Das Labor fokussiert dabei die Frage, wie der Transfer von Forschungserkenntnissen in unterschiedliche Felder der Praxis gelingen kann. Es soll im Labor darum gehen, die Möglichkeiten von kreativen Datenpraktiken über Formen des investigativen Datenjournalismus (Forensic Architecture und Syrian Archive) hin zur Datenkritik (Dander 2014, Kitchin 2016) ausführlich zu besprechen, bestehende Ressourcen zu bündeln und innovative Wege in der Wissenschaftskommunikation zu thematisieren.

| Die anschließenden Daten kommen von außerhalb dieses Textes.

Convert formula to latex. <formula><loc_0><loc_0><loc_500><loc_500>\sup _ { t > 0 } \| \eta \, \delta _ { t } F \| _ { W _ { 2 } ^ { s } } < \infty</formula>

Labor 3 // Digitale Tools in der Tanzvermittlung – zwischen technischen Möglichkeiten und leiblichem Zeigezwang

Maren Zühlke // Claudia Steinberg | Digitale Tools in der Tanzvermittlung – zwischen technischen Möglichkeiten und leiblichem Zeigezwang

Beim Erproben einer eigens für die Tanzvermittlung entwickelten webbasierten App hat sich ein bedeutsames Erleben von Körperlichkeit gezeigt. Obwohl die App aus Sicht teilnehmender Jugendlicher kreative Gestaltungsprozesse unterstützt, kristallisiert sich in Zusammenhang mit der Verwendung von Videofunktionen ein bedeutsames Erleben von körperlich-medialer Exponiertheit heraus.

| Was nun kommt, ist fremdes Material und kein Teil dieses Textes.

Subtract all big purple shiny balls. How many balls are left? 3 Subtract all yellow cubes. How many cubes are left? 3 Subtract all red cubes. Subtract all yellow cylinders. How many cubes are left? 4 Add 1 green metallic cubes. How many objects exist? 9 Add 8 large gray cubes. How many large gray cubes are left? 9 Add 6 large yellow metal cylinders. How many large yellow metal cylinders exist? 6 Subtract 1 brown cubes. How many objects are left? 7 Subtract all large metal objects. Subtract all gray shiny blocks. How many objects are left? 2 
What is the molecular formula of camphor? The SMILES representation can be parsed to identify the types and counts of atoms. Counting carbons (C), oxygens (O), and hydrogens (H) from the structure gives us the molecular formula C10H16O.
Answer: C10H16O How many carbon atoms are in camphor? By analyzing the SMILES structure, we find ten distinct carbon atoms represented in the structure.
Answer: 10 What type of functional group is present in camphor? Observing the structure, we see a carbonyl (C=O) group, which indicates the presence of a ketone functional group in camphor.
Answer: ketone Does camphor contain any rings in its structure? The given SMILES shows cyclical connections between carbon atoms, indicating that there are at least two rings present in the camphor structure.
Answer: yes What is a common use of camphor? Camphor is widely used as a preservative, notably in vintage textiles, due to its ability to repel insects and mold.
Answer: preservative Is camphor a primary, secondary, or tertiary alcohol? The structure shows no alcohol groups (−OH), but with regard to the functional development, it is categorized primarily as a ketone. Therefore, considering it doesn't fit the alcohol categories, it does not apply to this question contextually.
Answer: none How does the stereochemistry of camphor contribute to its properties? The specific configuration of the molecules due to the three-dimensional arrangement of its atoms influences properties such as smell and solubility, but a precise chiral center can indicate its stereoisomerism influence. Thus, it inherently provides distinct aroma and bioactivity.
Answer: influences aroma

Im vom BMBF-geförderten Forschungsprojekt #digitanz werden digitale Dokumentations- und Archivierungsmedien im Kontext Tanzvermittlung eingesetzt. Wir fragen danach, wie sich Lehr- und Lernverhalten durch die digitale Unterstützung verändert. Insbesondere der Einsatz einer eigens entwickelten App (lite.digitanz.de) zur Unterstützung der kreativen Bewegungsfindung nach dem Modell »Bring your own device« wurde untersucht (Steinberg et al., 2020). Aus Post-Digitaler-Perspektive entstehen neue Betrachtungsweisen der eigenen Realität eines jeden Individuums (Jörissen et al. 2019). Die Analysen zeigen, dass die Praktiken des Filmens und der Umgang mit Videomaterial in den Mittelpunkt rücken und Schüler:innen eine körperlich-mediale Exponiertheit als bedeutsam thematisieren. Die Ergebnisse unseres Projekts dokumentieren, dass ein erlebter Zeigezwang das Improvisieren von tänzerischen Bewegungen beeinflusst und bereits bestehende Hemmungen verstärkt, wenn diese mit Videoaufnahmen verknüpft werden. Durch die Kameraaufnahme wird ein Gestaltungsruck innerhalb einer »kreativen« Produktivität erlebt. Es entstehen somit neben neuen digitalen Möglichkeiten der Speicherung und damit verbundenen Erinnerungsfunktion von gestalteter Bewegung auch Einschränkungen. Im Labor wollen wir nach einer praktischen Phase des Erprobens der App lite.digitanz.de, die digitalen Erfahrungen sammeln und diskutieren.